# Distance between stands?



## Colorado Cat (Nov 24, 2006)

One of the properties I hunt is about 10K acres. When I hunt it I walk about 1 mile between stands and usually make about six stands on this property. 
Is 1 mile enough between stands? too much??
Also, the property is very open terrain - when I move to another stand should I wait 10-20min to start calling or just call right away?
Thanks for your time.


----------



## Jrbhunter (May 24, 2006)

What type of calls are you using... question within a question being "How loud are you?"


----------



## Colorado Cat (Nov 24, 2006)

I am using a johnny stewart preymaster at half volume to start ,then up to 75% volume after 4-5 calls.I will usually use cottontail or jackrabbit distress.Iwill usually stay at a stand for a half hour, calling for 10-20seconds on and pause for 3-4minutes between calls.


----------



## Coyote Kid (Nov 24, 2006)

I somtimes dont move much.
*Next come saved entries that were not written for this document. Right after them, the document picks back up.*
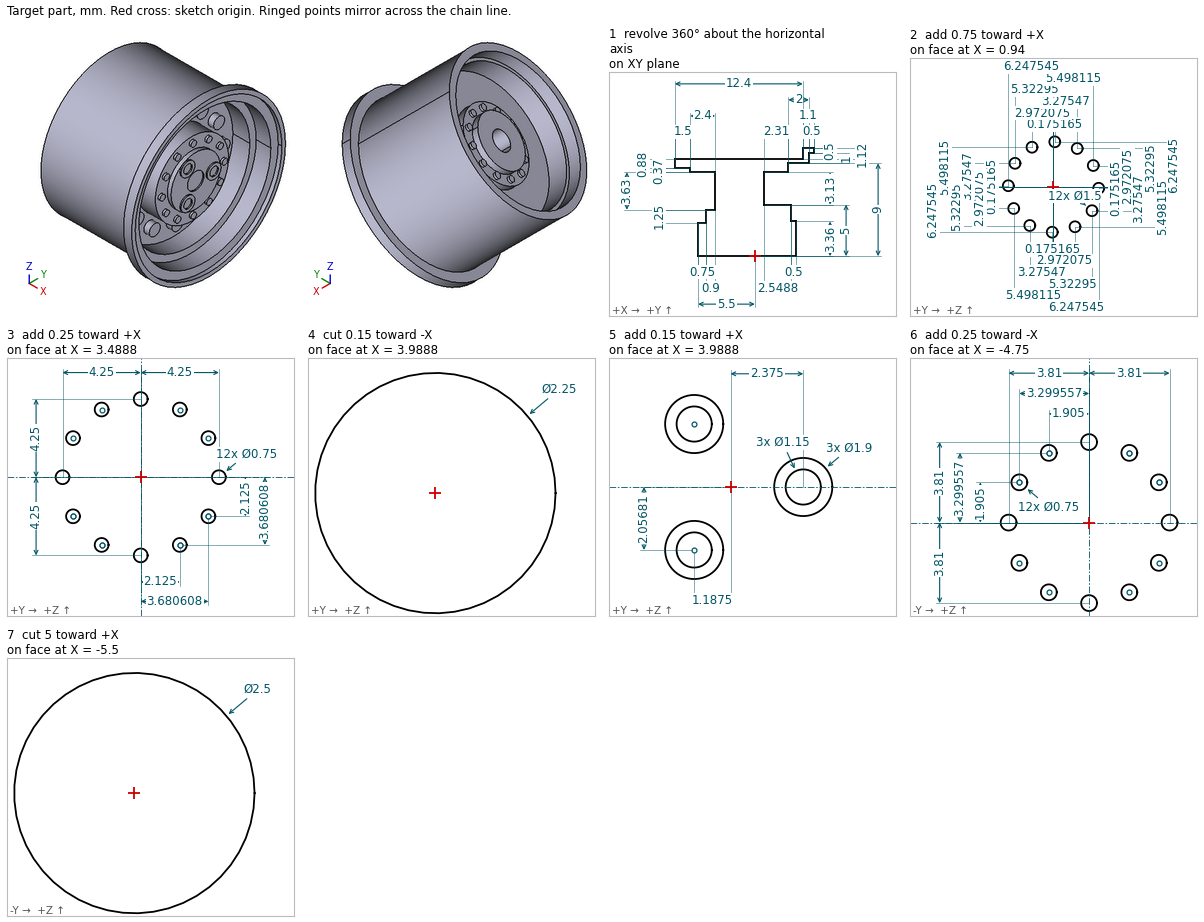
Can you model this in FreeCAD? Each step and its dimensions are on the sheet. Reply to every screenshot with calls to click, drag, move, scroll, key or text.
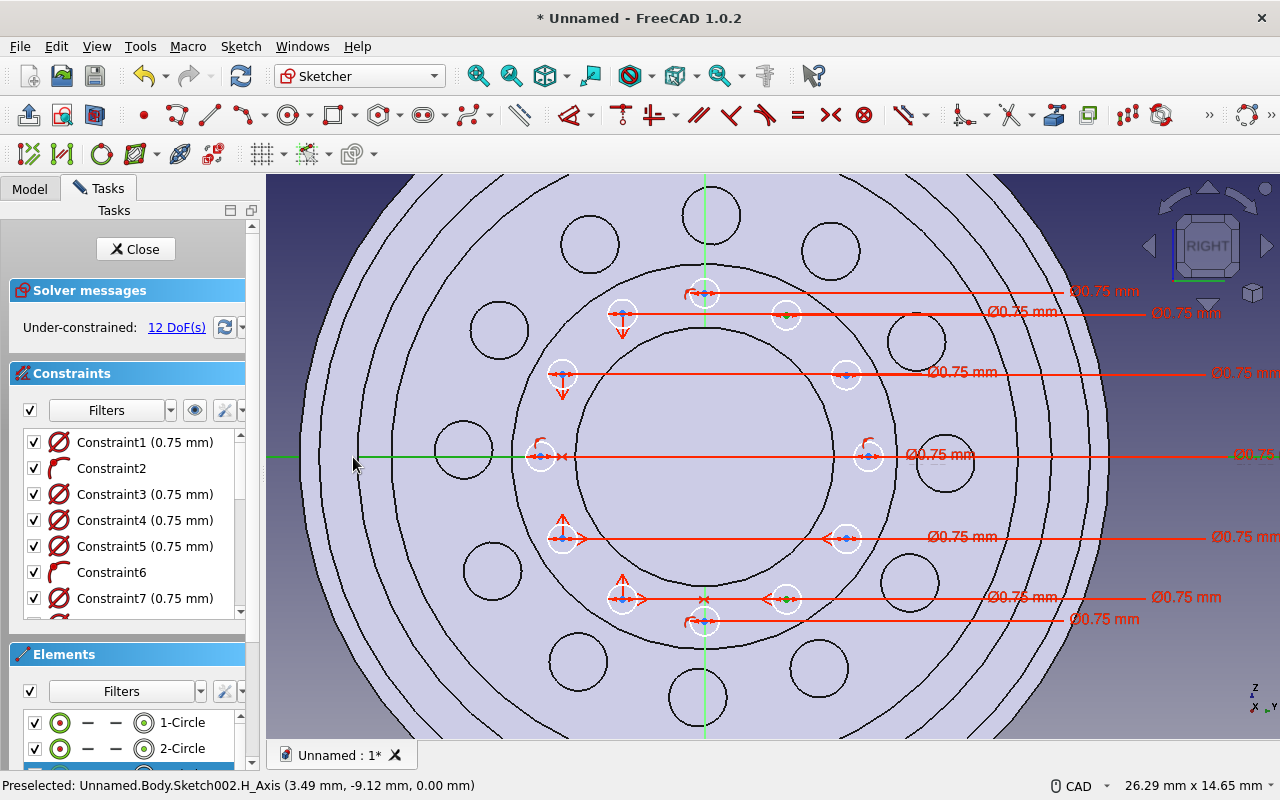
click(831, 116)
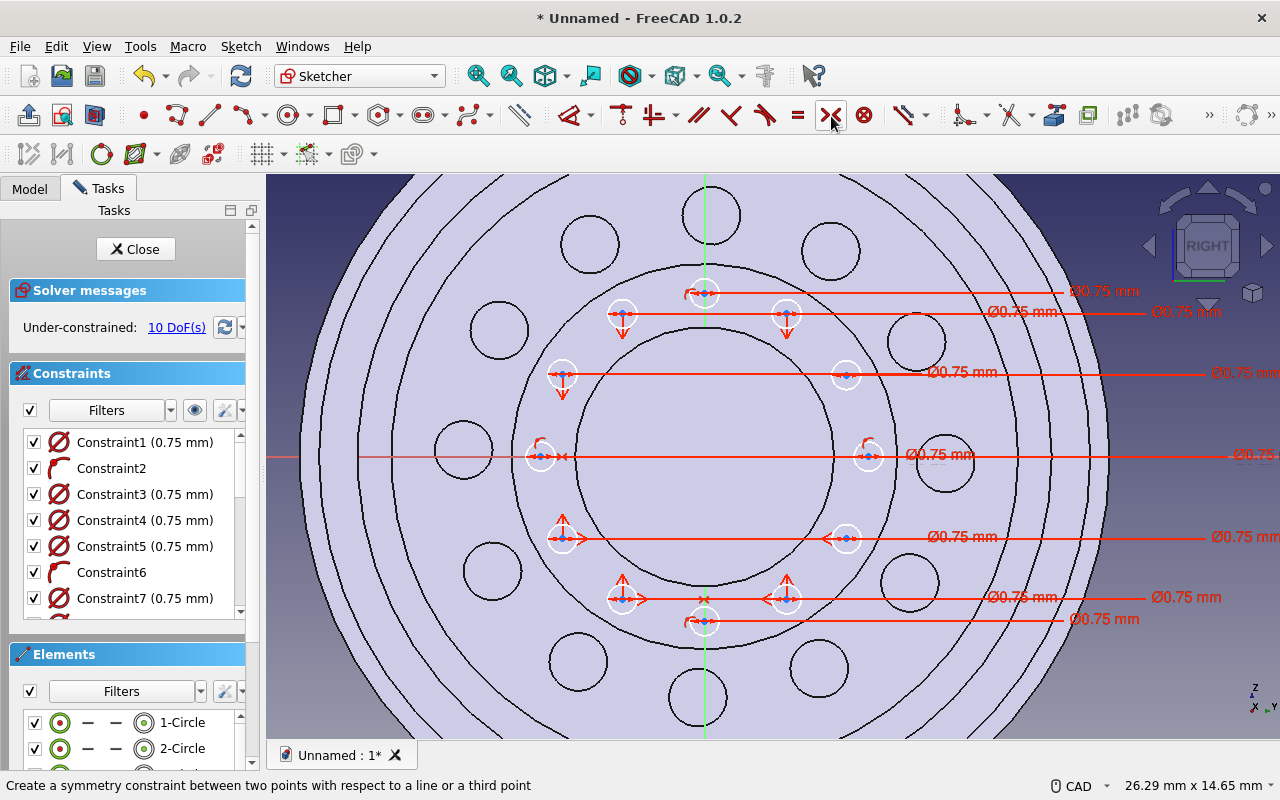
click(847, 539)
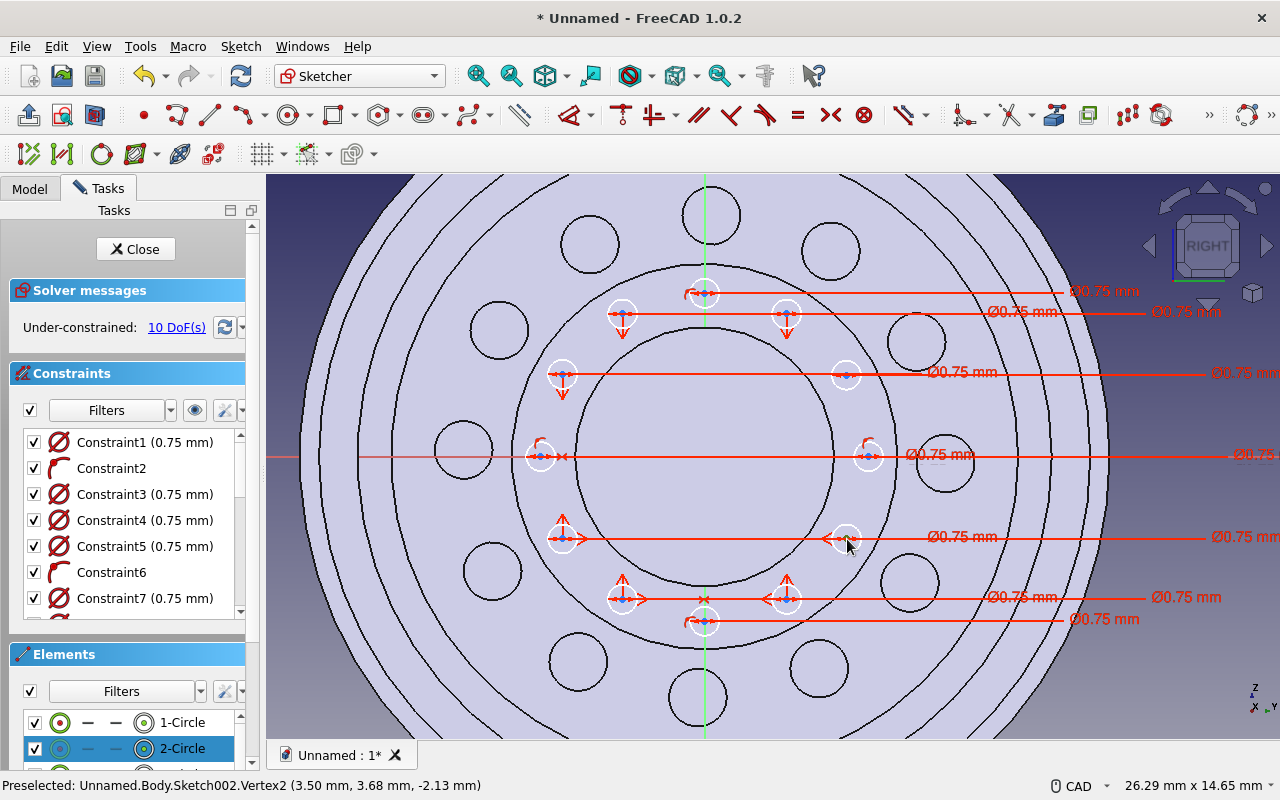
click(846, 375)

And what since im a begginer, What is a stand is it like a stack of bales or what. but i usually have two round bales or somthing and put them pretty close to each other and sit in between them. it works pretty well cause i already got 3 this year!


----------



## Jrbhunter (May 24, 2006)

You're going to have a hard time keeping a coyotes attention with such a small amount of sound. Not talking volume, but quantity. 10 seconds every 3 minutes will rarely kill a coyote in my experience. You'd be better off inverting your silence with your sound.
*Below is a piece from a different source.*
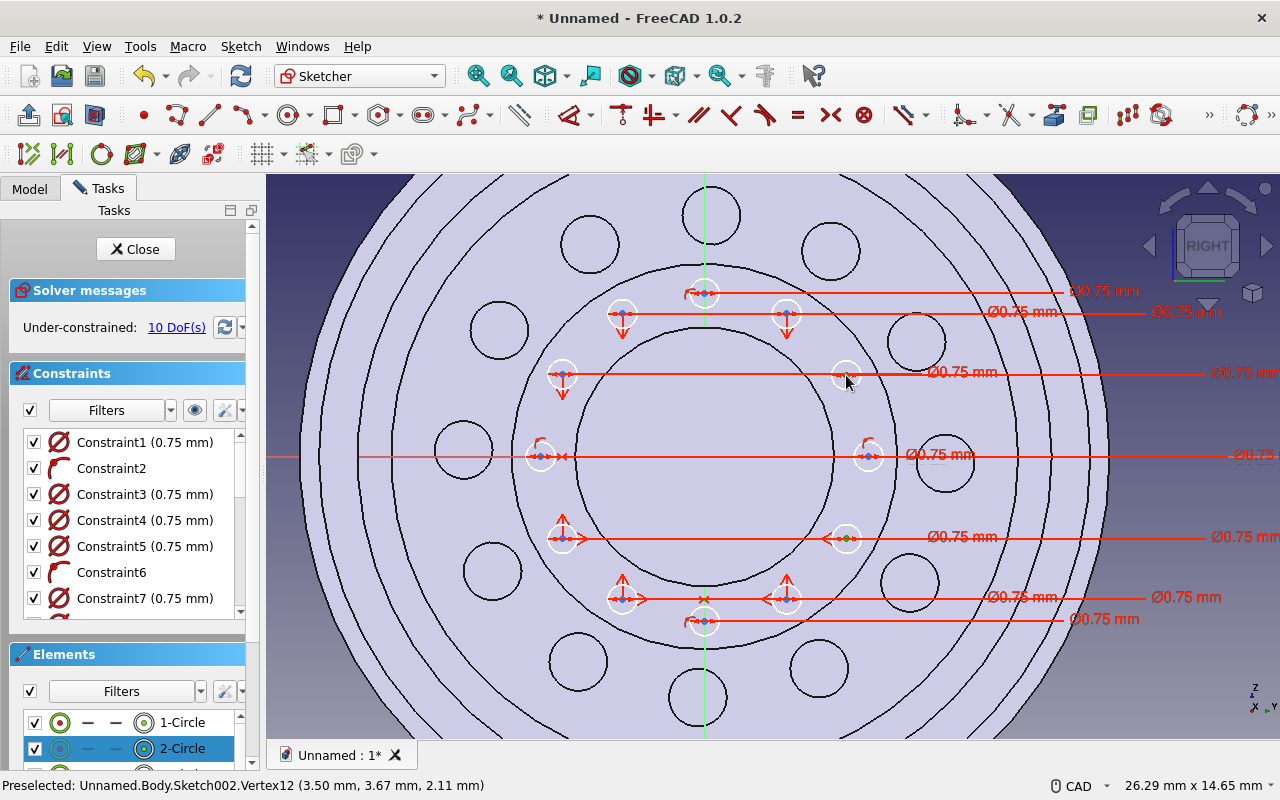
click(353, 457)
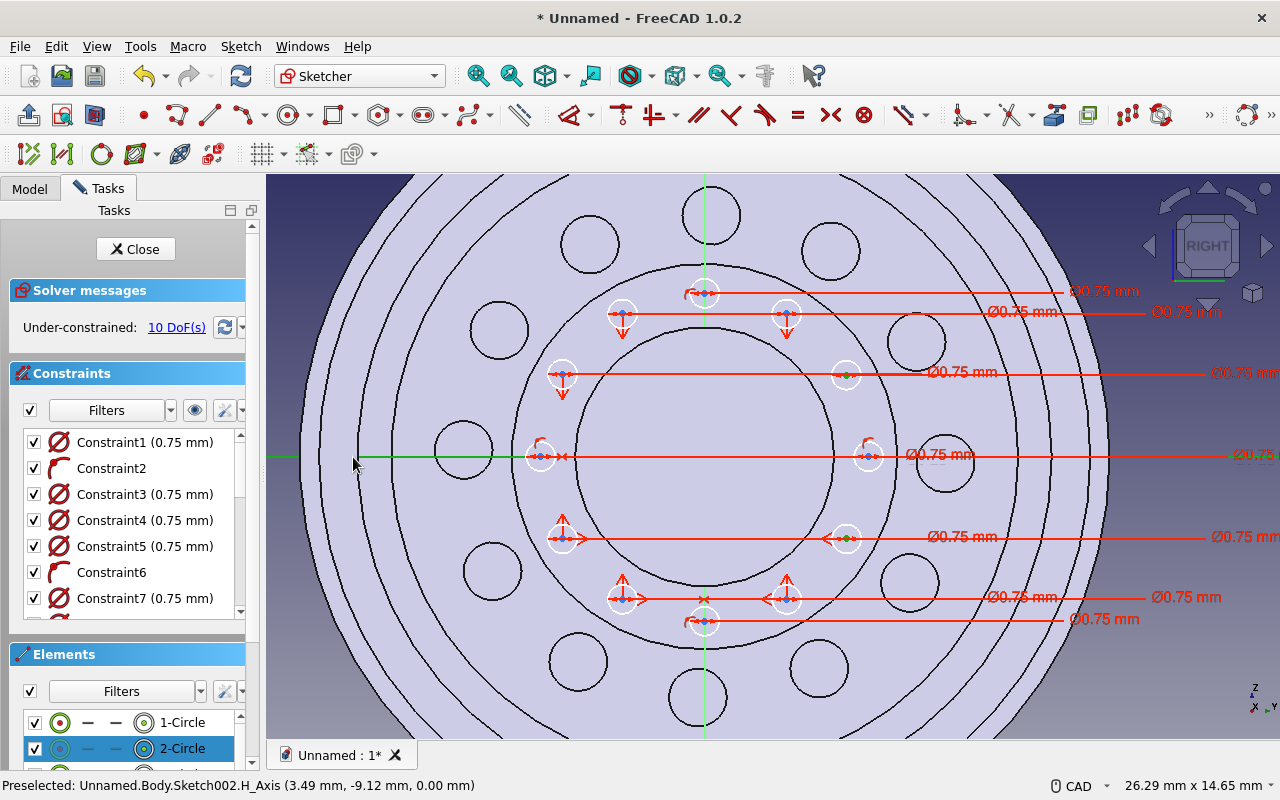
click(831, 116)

As for volume, that is a fine setting you're using. You're not going to cover a full 1 mile radius from your setup with that type of volume though... so I'd tighten up the distance between stands to 500 yards and keep plugging along. I'd rather re-call an area that was on the fringe of my last stand than take the chance of leaving some ground uncalled... I want every coyote in my path to at least HEAR my sound weather he responds or not.

My advice, for what it's worth, play more sound and move more often. Covering more ground and making more stands is usually more productive than any amount of fanesse' one can use. Don't wait between stands as you asked about, I wouldn't even sit a full 30 minutes in most cases. I also walk pretty briskly when I'm hunting on foot... time is fur.


----------



## Danny B (Jun 6, 2006)

Distance between stands depends on the terrian you are hunting and if the animals are moving or not. 
When times are bad I'll move clean out of the area and try a new one making stands about every mile or so. 
If things start picking up I'll shorten the stands to maybe a half mile and if things start rocking and rolling I'll make a stand every quarter mile.

You must remember I hunt the southwest and west, at times coyotes can be running everywhere, other times not. I got away from hand calls long ago though I keep em handy. 
I use a FoxPro and have learned to only use rabbit sounds. I don't start off low when I make a stand, in most cases it's wide open country where I hunt, you need to reach out and touch an ear.

You need to find out how the animals react to sounds in the area you hunt and what methods work best, the way I hunt may not work where you hunt....Good luck :beer:


----------